Adding on to the scenarios described by @DenBesten:
I can no longer log into my vault for an unknown reason, and I am unable to convince Bitwarden customer support to restore a backup (which is typically only done if there is a vault corruption caused by Bitwarden).
My vault is corrupted on the cloud servers, and the problem is not discovered and remedied within 7 days.
An attacker has taken over my vault and changed the master password.
A server-side issue causes all of my Bitwarden apps to be logged out at once, and the servers remain temporarily unavailable for logging back in for a period of time during which I need access to some of the vault contents.
I make a mistake when editing a vault item, overwriting some important information that I need later.
All Azure servers are destroyed in a natural catastrophe or act of war, and I do not have any devices that are still logged in.
I disable my 2FA (which subjects me to NDLP requirements) and lose access to my devices at some future time when Bitwarden may have made their policies for waiving NDLP more restrictive (to the point where they will not agree to waive NDLP for your case).
etc.
Not sure I understand your thinking there. If you log out, all of the cached vault data are deleted, so you no longer have a backup. FYI, I used to recommend a backup strategy that consisted of keeping a logged-in copy of the Portable Desktop App on a USB flash drive, and/or making redundant copies of the “bitwarden-appdata” folder from the logged-in portable app (which I would ZIP, and store separately). Unfortunately, this method is no longer viable, until the following bug is fixed:
As a result of this bug, the “backups” created using the above method depend on the continued accessibility of the device on which they were created, and the preservation of the TPM on that device.
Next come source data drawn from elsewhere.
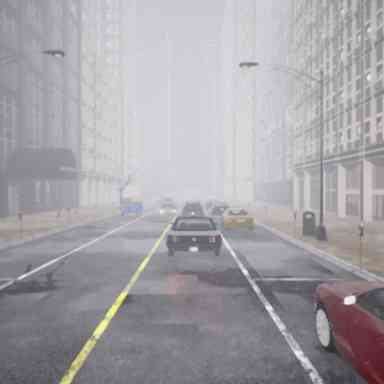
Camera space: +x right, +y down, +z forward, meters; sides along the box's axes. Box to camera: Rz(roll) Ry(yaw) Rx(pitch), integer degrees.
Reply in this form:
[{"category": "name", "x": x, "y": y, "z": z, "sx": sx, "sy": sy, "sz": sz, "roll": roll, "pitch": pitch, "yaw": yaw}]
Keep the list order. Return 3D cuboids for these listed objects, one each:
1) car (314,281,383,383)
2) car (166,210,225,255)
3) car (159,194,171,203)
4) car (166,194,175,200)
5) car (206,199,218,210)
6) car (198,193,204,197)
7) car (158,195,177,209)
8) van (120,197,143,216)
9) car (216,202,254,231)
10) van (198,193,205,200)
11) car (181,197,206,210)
[{"category": "car", "x": 2.685, "y": 1.547, "z": 3.294, "sx": 1.887, "sy": 1.381, "sz": 4.507, "roll": 0, "pitch": 0, "yaw": 0}, {"category": "car", "x": 0.079, "y": 1.609, "z": 13.283, "sx": 1.895, "sy": 1.301, "sz": 4.718, "roll": 0, "pitch": 0, "yaw": 0}, {"category": "car", "x": -5.712, "y": 1.304, "z": 71.676, "sx": 2.192, "sy": 1.841, "sz": 5.009, "roll": 0, "pitch": 0, "yaw": 0}, {"category": "car", "x": -5.715, "y": 1.406, "z": 88.770, "sx": 1.967, "sy": 1.590, "sz": 4.097, "roll": 0, "pitch": 0, "yaw": 0}, {"category": "car", "x": 2.679, "y": 1.577, "z": 31.786, "sx": 1.947, "sy": 1.339, "sz": 4.313, "roll": 0, "pitch": 0, "yaw": 0}, {"category": "car", "x": 2.329, "y": 1.432, "z": 83.493, "sx": 1.801, "sy": 1.575, "sz": 5.366, "roll": 0, "pitch": 0, "yaw": 0}, {"category": "car", "x": -3.101, "y": 1.485, "z": 44.586, "sx": 1.882, "sy": 1.535, "sz": 5.008, "roll": 0, "pitch": 0, "yaw": 0}, {"category": "van", "x": -5.703, "y": 1.351, "z": 31.788, "sx": 1.690, "sy": 1.788, "sz": 3.998, "roll": 0, "pitch": 0, "yaw": 0}, {"category": "car", "x": 2.681, "y": 1.535, "z": 20.559, "sx": 1.752, "sy": 1.417, "sz": 4.829, "roll": 0, "pitch": 0, "yaw": 0}, {"category": "van", "x": 2.663, "y": 1.299, "z": 94.467, "sx": 1.690, "sy": 1.788, "sz": 3.998, "roll": 0, "pitch": 0, "yaw": 0}, {"category": "car", "x": 0.079, "y": 1.515, "z": 30.167, "sx": 1.837, "sy": 1.490, "sz": 4.892, "roll": 0, "pitch": 0, "yaw": 0}]

My off-line backup now includes a copy of portable KeepassXC Since it works completely off-line, and can import a Bitwarden Password Protected JSON, there is no worry about a login expiring or Azure cratering.
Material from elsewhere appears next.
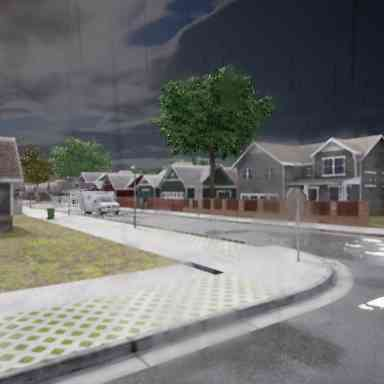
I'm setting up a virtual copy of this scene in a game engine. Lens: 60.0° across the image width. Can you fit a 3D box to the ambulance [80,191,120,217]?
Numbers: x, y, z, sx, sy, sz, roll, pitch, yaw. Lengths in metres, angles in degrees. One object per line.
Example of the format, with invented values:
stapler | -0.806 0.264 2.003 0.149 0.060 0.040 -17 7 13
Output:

I do keep an (outdated) export pre-imported into Keepass, both for immediate emergency access and as a way to validate my export. I do realize that some functionality may be lacking (e.g. I have not tested Passkeys and I know attachments are missing), but during an emergency, something is better than nothing.
Made the mistake of choosing account-restricted but that is now fixed. Got 2 copies on encrypted devices and a 6+ word export password that makes sense to only me.
Will check out KeePassXC for offline access. Sounds promising. If all the AI’s start working together and start ruining everything
Yes. I import into KeePassXC every third or fourth Bitwarden export, which is why my KeePassXC is generally outdated. My immediate reason for importing is to demonstrate my Bitwarden export worked. For me, this is a “once a year” activity, whereas backups are “at least quarterly”.
KeepassXC has a XML export which is more complete than its CSV export. Bitwarden can read both formats, although I have never personally tried it because I do my best to keep Bitwarden my source-of-truth, avoiding change in the rare cases it is not available.